* _To do_: Extract the run of lines that starts at the top of the records below and ends at the line with "table_cell mandatory [312, 1102, 1028, 1166]", keeping both ends and excluding pictures.

───

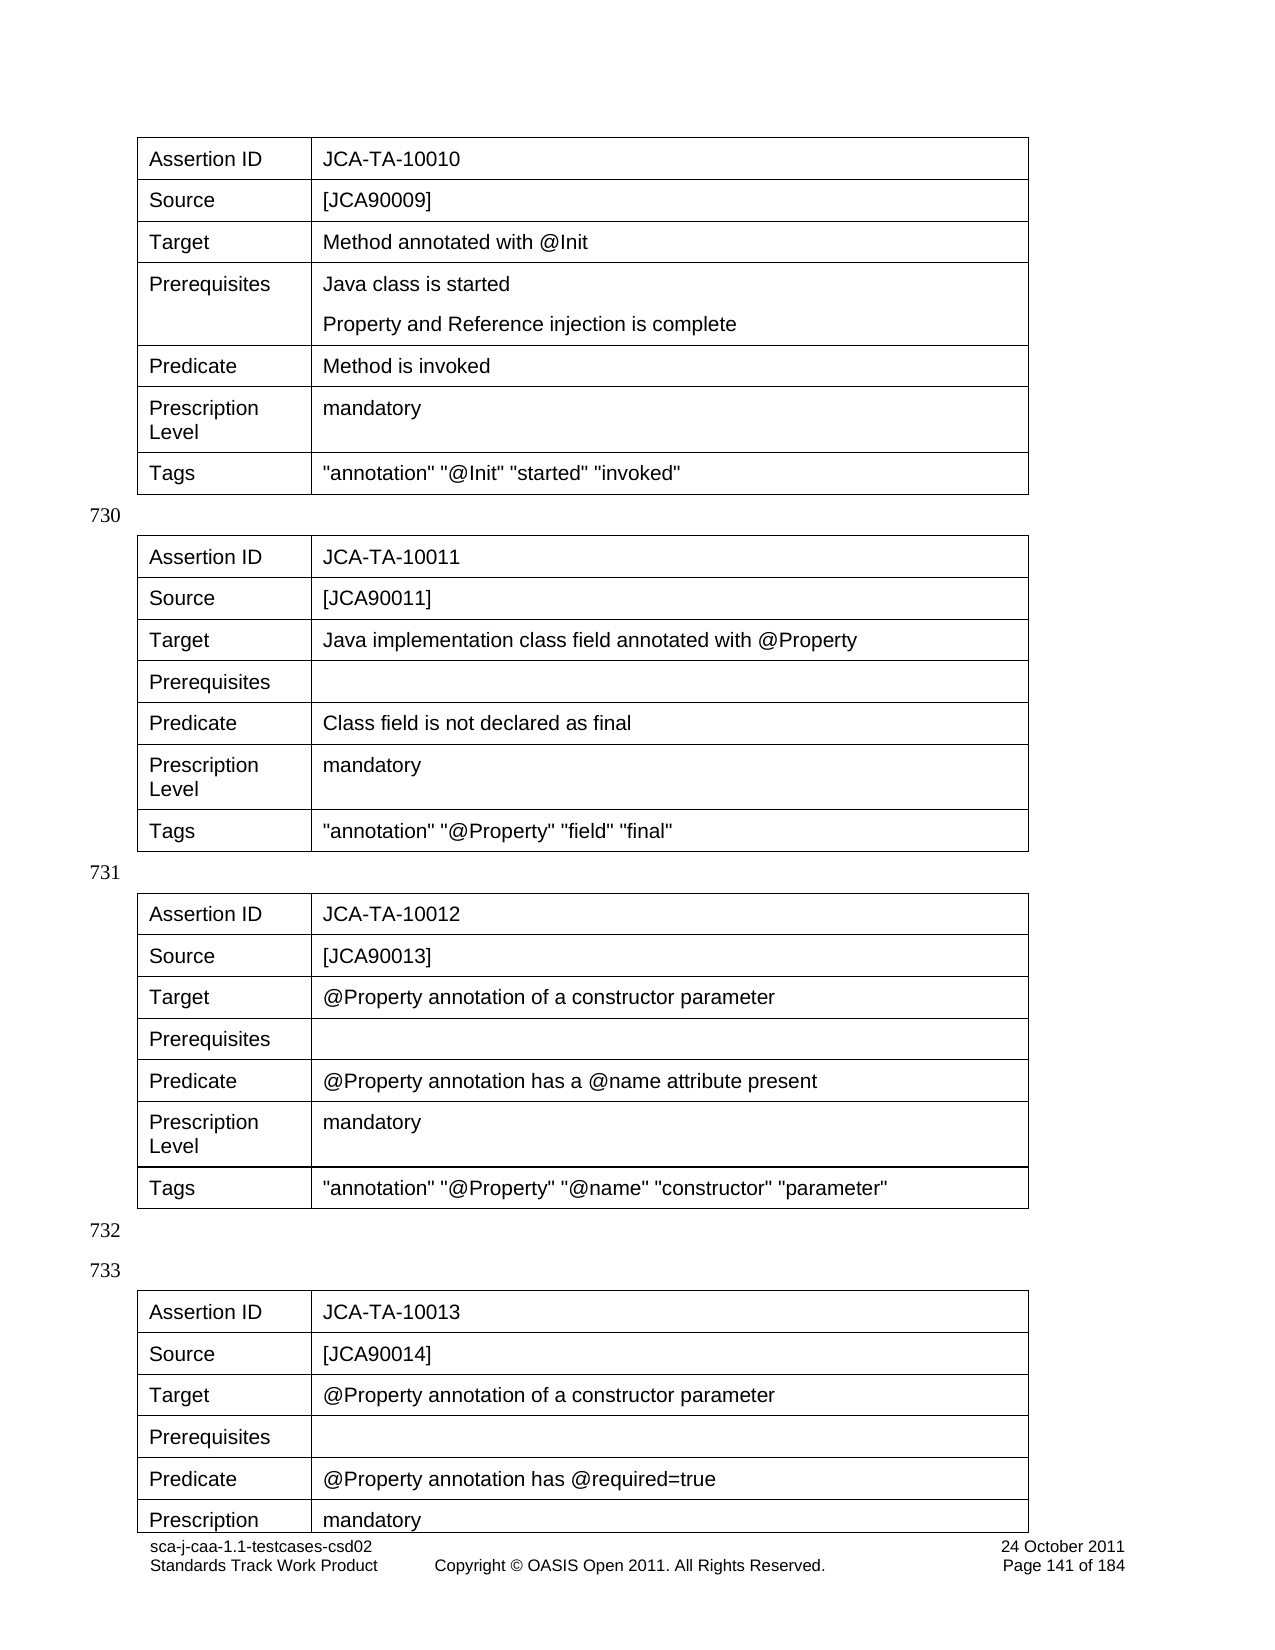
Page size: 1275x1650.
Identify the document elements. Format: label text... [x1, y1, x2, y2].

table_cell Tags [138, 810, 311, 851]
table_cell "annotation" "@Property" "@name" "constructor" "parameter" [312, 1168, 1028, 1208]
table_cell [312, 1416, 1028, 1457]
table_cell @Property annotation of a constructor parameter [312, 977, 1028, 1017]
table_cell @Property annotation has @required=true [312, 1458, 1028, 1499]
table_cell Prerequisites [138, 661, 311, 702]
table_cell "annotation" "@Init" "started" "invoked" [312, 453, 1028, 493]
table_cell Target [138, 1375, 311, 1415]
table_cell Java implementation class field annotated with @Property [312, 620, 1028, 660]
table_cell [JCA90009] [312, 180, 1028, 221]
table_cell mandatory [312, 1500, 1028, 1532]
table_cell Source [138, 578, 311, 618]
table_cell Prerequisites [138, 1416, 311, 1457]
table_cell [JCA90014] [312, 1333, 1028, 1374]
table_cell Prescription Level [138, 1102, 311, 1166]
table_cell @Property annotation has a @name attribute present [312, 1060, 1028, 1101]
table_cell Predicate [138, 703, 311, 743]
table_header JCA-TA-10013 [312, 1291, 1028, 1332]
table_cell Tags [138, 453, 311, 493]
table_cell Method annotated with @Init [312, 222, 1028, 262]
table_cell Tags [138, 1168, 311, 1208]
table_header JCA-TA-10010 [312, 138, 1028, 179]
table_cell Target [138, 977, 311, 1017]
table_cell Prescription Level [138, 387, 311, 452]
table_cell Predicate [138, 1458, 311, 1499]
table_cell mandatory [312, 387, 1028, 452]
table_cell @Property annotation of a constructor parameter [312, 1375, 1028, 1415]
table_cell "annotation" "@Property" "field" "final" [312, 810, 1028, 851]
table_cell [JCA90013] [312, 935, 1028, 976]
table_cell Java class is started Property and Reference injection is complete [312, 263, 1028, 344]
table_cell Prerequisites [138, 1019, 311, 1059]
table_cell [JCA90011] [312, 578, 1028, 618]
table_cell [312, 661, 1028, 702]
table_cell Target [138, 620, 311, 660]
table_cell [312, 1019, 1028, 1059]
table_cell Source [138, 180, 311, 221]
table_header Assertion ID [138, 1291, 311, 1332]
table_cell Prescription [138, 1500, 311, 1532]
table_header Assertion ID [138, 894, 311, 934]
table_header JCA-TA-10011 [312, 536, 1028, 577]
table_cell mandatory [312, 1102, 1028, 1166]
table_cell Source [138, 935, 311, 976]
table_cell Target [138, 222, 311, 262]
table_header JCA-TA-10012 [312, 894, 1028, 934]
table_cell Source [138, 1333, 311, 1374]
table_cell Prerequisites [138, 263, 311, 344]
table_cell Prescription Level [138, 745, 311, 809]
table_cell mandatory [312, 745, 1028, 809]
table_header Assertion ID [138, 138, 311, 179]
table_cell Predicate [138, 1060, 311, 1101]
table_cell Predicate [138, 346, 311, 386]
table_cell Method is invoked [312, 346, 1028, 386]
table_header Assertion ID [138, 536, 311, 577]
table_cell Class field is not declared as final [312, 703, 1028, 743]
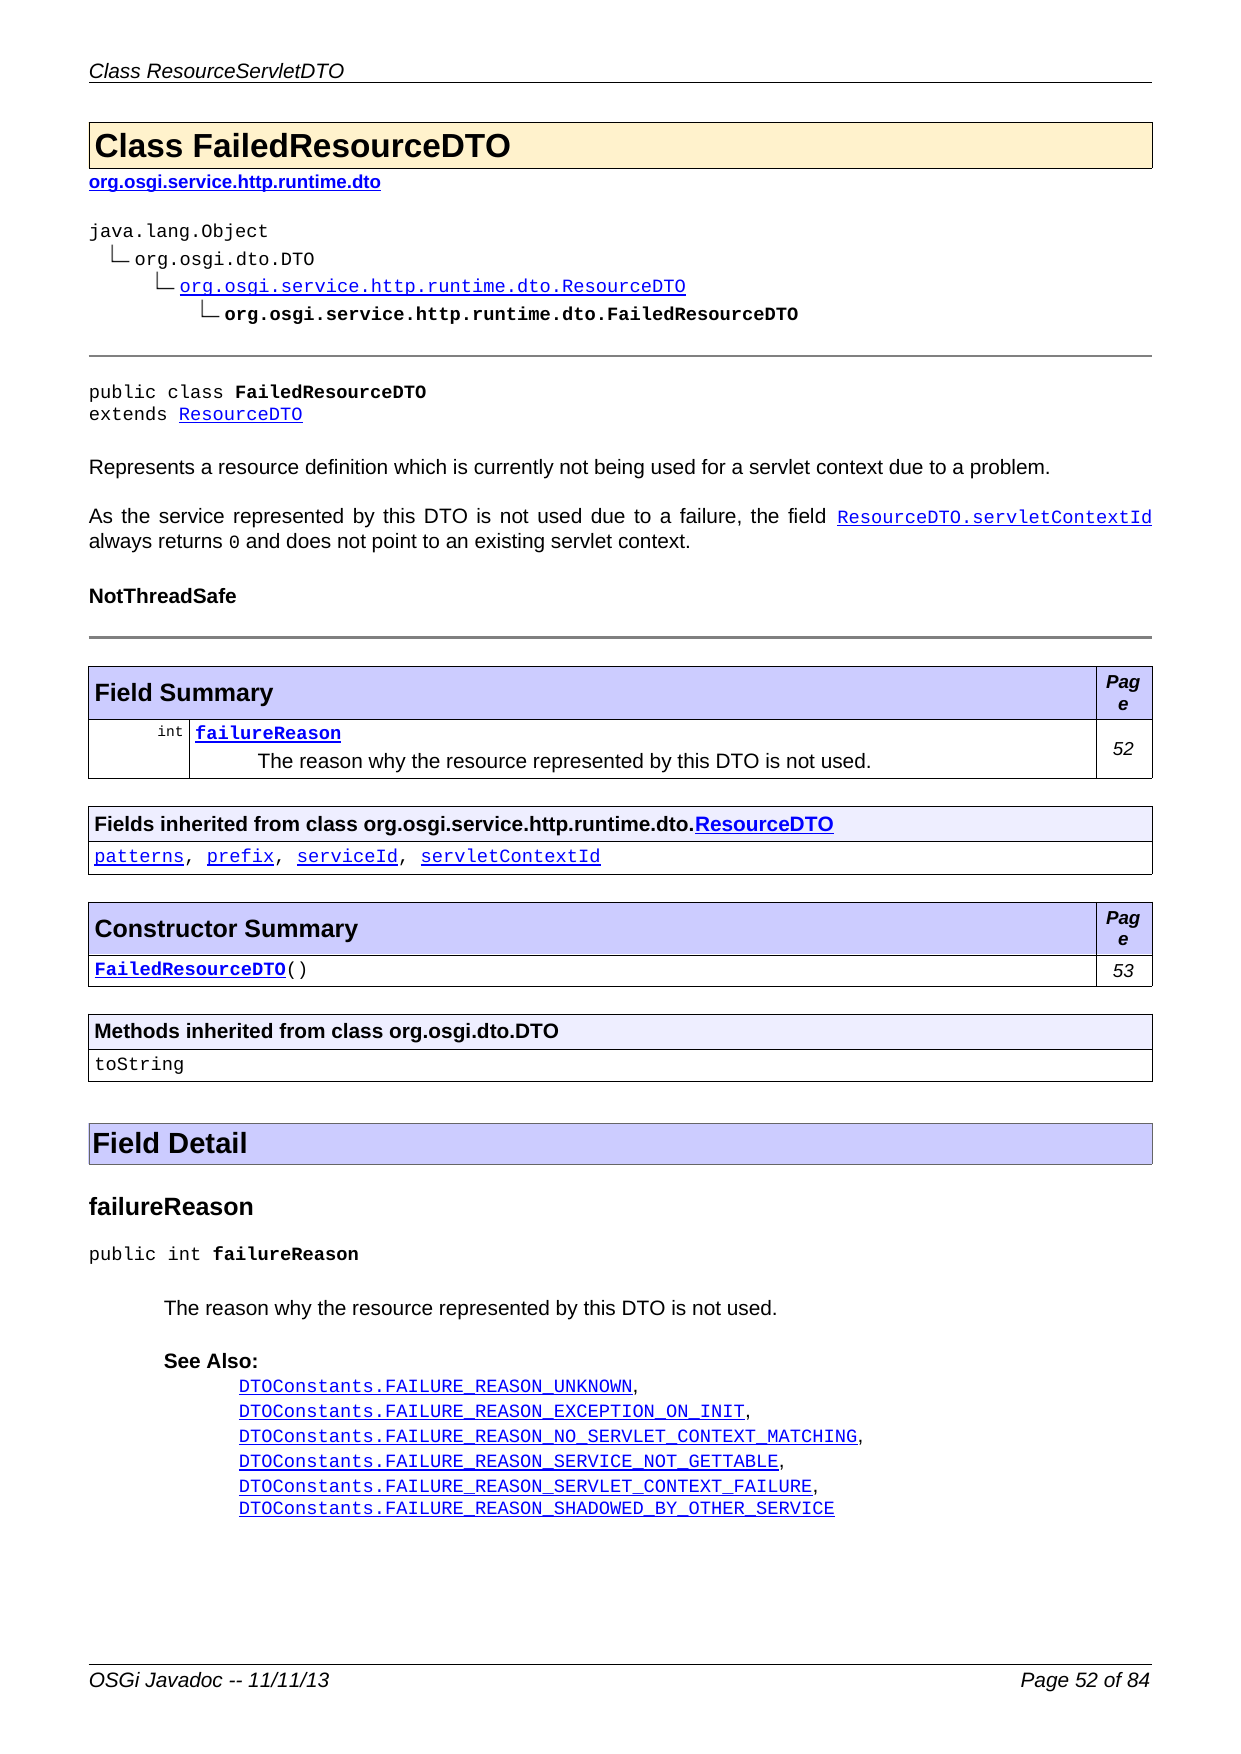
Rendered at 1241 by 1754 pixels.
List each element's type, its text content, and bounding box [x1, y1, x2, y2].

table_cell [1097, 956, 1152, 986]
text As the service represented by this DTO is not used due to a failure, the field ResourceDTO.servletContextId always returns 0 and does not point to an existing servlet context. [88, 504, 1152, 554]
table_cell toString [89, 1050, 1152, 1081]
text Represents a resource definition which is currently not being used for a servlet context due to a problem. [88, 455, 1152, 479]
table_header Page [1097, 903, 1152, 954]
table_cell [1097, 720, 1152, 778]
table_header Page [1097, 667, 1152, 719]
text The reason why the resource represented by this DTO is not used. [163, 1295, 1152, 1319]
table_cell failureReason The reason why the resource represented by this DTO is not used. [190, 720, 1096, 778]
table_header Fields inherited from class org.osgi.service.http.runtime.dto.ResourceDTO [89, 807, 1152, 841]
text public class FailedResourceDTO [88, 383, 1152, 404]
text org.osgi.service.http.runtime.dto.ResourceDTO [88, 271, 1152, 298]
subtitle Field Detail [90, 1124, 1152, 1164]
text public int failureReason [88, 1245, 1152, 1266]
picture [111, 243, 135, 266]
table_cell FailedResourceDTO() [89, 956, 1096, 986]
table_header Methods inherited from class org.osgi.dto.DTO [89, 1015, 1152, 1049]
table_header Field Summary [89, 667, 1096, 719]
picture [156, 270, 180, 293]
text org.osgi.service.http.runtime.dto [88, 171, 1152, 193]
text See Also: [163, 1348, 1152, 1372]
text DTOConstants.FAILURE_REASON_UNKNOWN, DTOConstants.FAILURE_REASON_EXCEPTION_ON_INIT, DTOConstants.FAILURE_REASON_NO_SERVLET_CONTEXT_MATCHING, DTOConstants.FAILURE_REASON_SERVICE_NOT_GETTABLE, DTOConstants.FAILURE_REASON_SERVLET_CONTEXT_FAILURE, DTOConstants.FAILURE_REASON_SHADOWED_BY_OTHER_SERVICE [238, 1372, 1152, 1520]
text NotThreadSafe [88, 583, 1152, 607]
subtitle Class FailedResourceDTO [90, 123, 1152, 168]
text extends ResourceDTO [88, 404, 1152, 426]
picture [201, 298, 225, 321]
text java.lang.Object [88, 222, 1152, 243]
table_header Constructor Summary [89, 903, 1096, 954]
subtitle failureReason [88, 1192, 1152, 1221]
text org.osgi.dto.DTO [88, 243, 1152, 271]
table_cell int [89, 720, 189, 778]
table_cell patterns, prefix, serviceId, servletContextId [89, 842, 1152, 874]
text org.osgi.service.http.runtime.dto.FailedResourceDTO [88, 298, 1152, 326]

───

* _Answer area_:
Page size: 1275x1650.
Identify the document elements. Format: label text... [x1, y1, x2, y2].

table_cell Tags [138, 810, 311, 851]
table_cell "annotation" "@Property" "@name" "constructor" "parameter" [312, 1168, 1028, 1208]
table_cell [312, 1416, 1028, 1457]
table_cell @Property annotation of a constructor parameter [312, 977, 1028, 1017]
table_cell @Property annotation has @required=true [312, 1458, 1028, 1499]
table_cell Prerequisites [138, 661, 311, 702]
table_cell "annotation" "@Init" "started" "invoked" [312, 453, 1028, 493]
table_cell Target [138, 1375, 311, 1415]
table_cell Java implementation class field annotated with @Property [312, 620, 1028, 660]
table_cell [JCA90009] [312, 180, 1028, 221]
table_cell mandatory [312, 1500, 1028, 1532]
table_cell Source [138, 578, 311, 618]
table_cell Prerequisites [138, 1416, 311, 1457]
table_cell [JCA90014] [312, 1333, 1028, 1374]
table_cell Prescription Level [138, 1102, 311, 1166]
table_cell @Property annotation has a @name attribute present [312, 1060, 1028, 1101]
table_cell Predicate [138, 703, 311, 743]
table_header JCA-TA-10013 [312, 1291, 1028, 1332]
table_cell Tags [138, 453, 311, 493]
table_cell Method annotated with @Init [312, 222, 1028, 262]
table_cell Tags [138, 1168, 311, 1208]
table_header JCA-TA-10010 [312, 138, 1028, 179]
table_cell Target [138, 977, 311, 1017]
table_cell Prescription Level [138, 387, 311, 452]
table_cell Predicate [138, 1458, 311, 1499]
table_cell mandatory [312, 387, 1028, 452]
table_cell @Property annotation of a constructor parameter [312, 1375, 1028, 1415]
table_cell "annotation" "@Property" "field" "final" [312, 810, 1028, 851]
table_cell [JCA90013] [312, 935, 1028, 976]
table_cell Java class is started Property and Reference injection is complete [312, 263, 1028, 344]
table_cell Prerequisites [138, 1019, 311, 1059]
table_cell [JCA90011] [312, 578, 1028, 618]
table_cell [312, 661, 1028, 702]
table_cell Target [138, 620, 311, 660]
table_cell [312, 1019, 1028, 1059]
table_cell Source [138, 180, 311, 221]
table_header Assertion ID [138, 1291, 311, 1332]
table_cell Prescription [138, 1500, 311, 1532]
table_header Assertion ID [138, 894, 311, 934]
table_header JCA-TA-10011 [312, 536, 1028, 577]
table_cell mandatory [312, 1102, 1028, 1166]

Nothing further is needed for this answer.